Re: [ba-ohs-talk] Keyword Indexing
I'm quite familiar with this problem. For commas, it is sufficient to simply
parse into words based on whitespace and em-dashes first, and then check for
punctuation only at the ends of words. The much trickier thing is periods...
--
Kevin Keck
keck@kecklabs.com (01)
on 2002/04/30 12:13 PM, blincoln at blincoln@ssesco.com wrote: (02)
>
>> since that is actually creating new words and phrases. A comma is
>> pretty simple to type and is (in English) a _word_ or _phrase_delimiter_.
>
> A friend and I are working on a java-based keyword indexer at the moment and
> are
> confronting a problem which it seems like must have been solved 10,000
> times already. It is a necessary requirement that the indexer be capable of
> indexing highly technical words. Our area involves a lot of chemical notation
> which includes commas _not_ as delimiters but as word-chars. Like:
>
> N,N-dimethyltryptamine or 3,4-methylpropylamine or others of the sort.
>
> They can get more complicated. We have not yet found any adequate solution
> but if anyone knows of any keyword parsing / tokenizing rule sets that have
> gone through some iterations in development, let me know. It seems like
> the only real chance for tokenizing technical language properly must be
> some sort of dictionary lookup? What a pain.
>
> The following characters can be part of a single chemical notation: , [ ] ( )
> + -
> (minus and dash)
>
> So far, it looks like we will just lose a large portion of the chemical
> notations
> to the indexer. Another idea I've been toying with is the idea of tokenizing
> twice
> and indexing both results.. So I would have a set of "always delimiters"
> which
> would break words for both sets (space is always a delimiter), and "normal
> delimiters" which would be things like the comma, bracket, parentheses.
>
> Create both list of tokens for a given text block, creating a 'normal list'
> and
> a 'technical list' (which is not tokenized with the 'normal delimiters').
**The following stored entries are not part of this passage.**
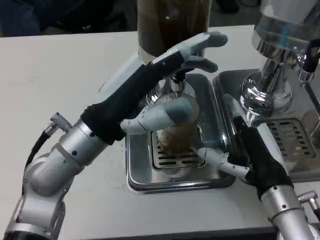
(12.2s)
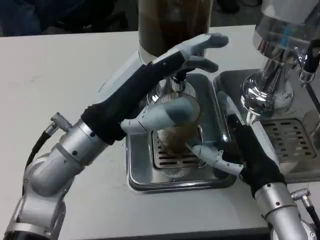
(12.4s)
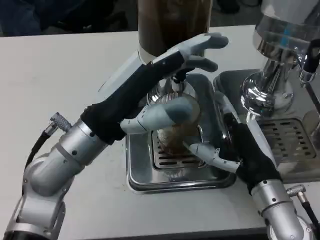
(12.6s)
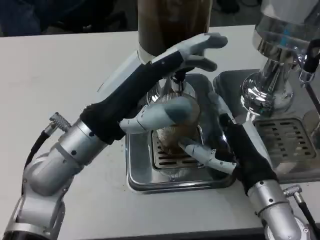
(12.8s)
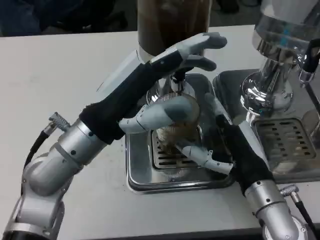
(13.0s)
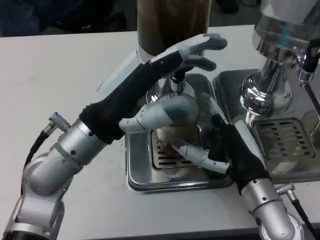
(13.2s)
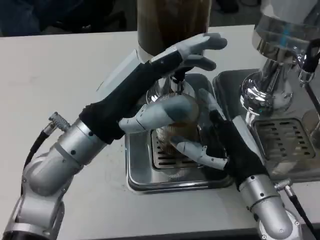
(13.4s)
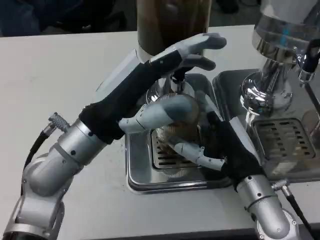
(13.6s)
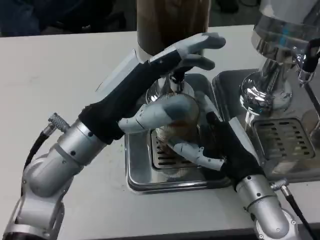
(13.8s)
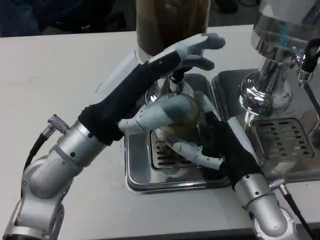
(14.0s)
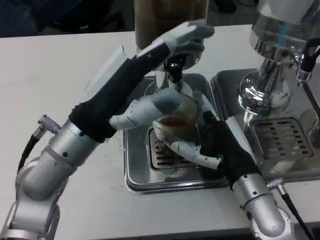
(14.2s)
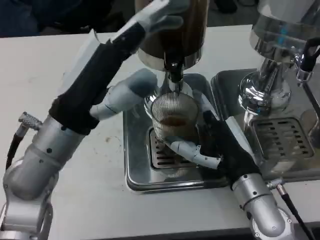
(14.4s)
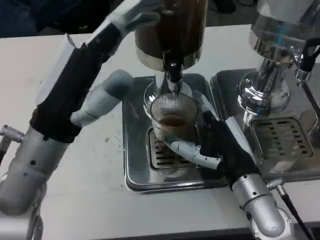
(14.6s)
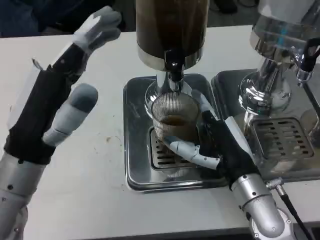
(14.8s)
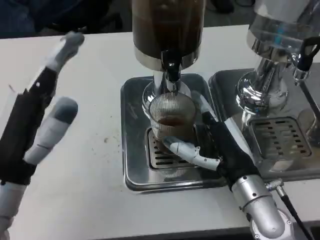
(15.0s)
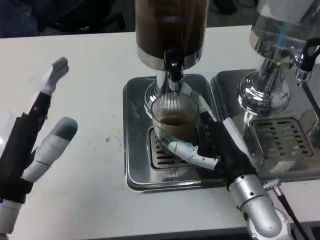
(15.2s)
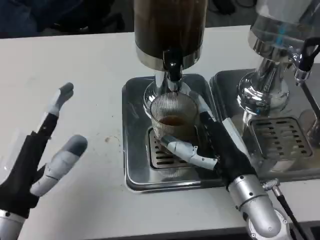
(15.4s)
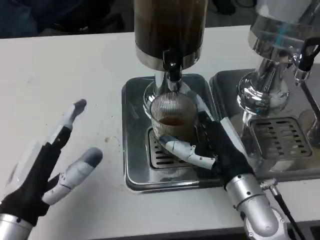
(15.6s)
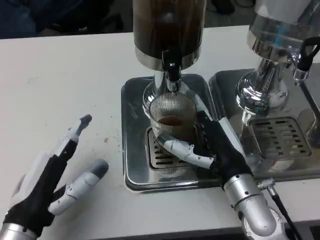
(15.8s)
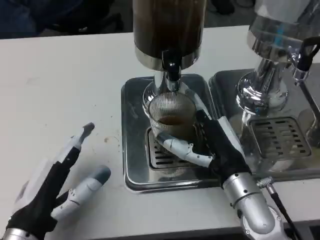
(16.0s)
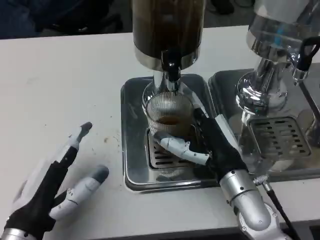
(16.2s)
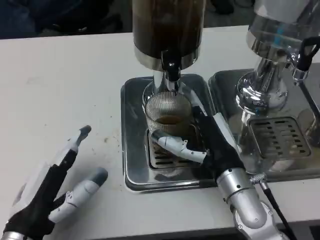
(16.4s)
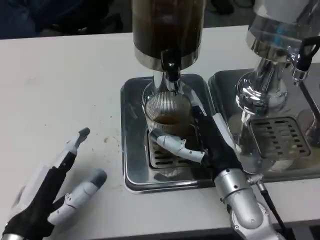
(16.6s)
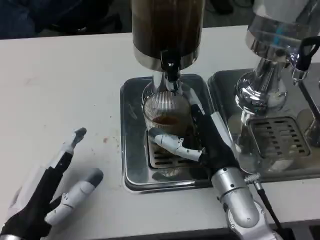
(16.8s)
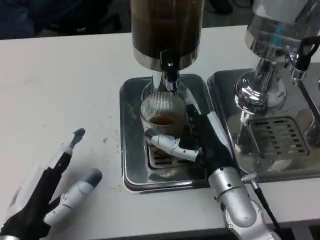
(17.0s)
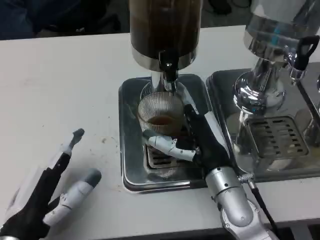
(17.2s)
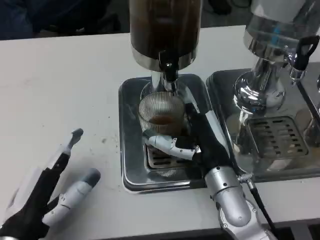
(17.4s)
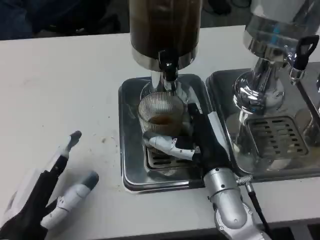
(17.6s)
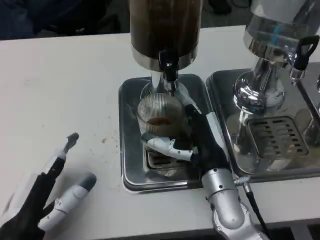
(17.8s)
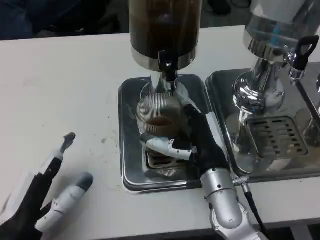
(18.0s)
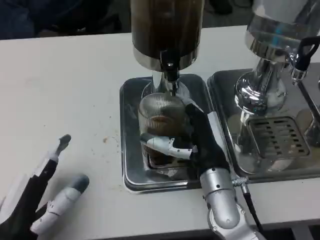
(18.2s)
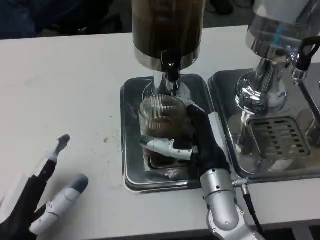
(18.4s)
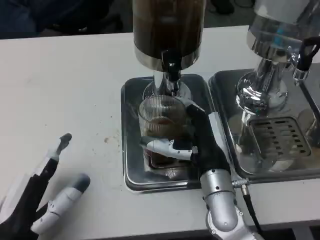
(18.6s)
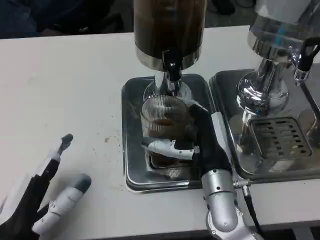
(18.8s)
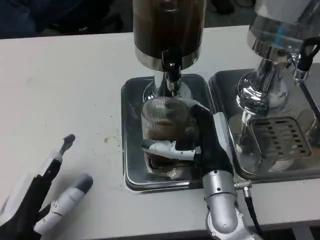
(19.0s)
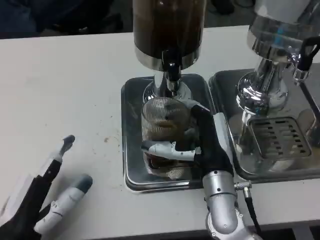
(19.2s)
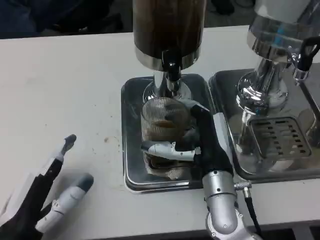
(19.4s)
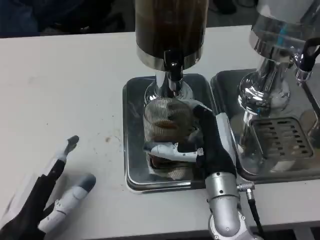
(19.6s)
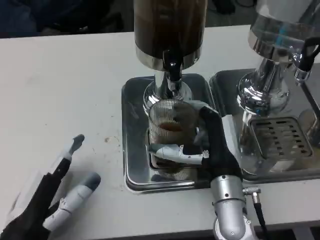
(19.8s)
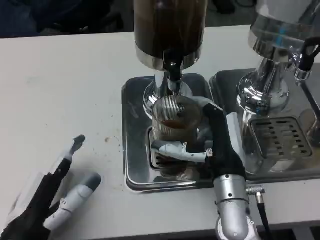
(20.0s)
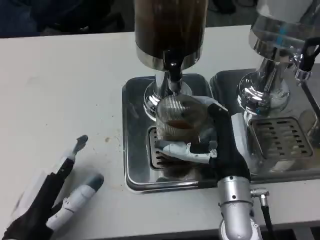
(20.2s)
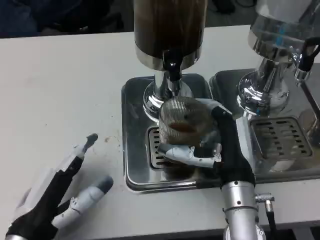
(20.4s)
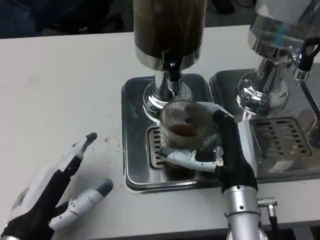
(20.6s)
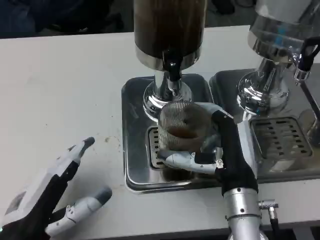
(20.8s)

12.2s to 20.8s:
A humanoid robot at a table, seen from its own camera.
Task of the whole recording: Grasp the cup under the faucet to collect the drink, then remove the cup.
12.2s to 13.6s: The hands stay close to where they were, moving slightly.
13.6s to 15.0s: The left hand moves to the left and backward, roughly 10 cm.
15.0s to 16.6s: The left hand is displaced downward by approximately 5 cm.
18.0s to 19.4s: The hands stay close to where they were, moving slightly.

> Remove from the 'technical list' any keys that do not contain any of the
> technical delimiters, and then I have a list of 'normal keywords' and a list
> of
> possible 'technical keywords'.
>
> Sounds horrifyingly slow for the project I'm working on (a keyword indexer
> for a spider), but its the best I've come up with so far..
>
> any thoughts or ideas?
>
> bcl
>
>
> (03)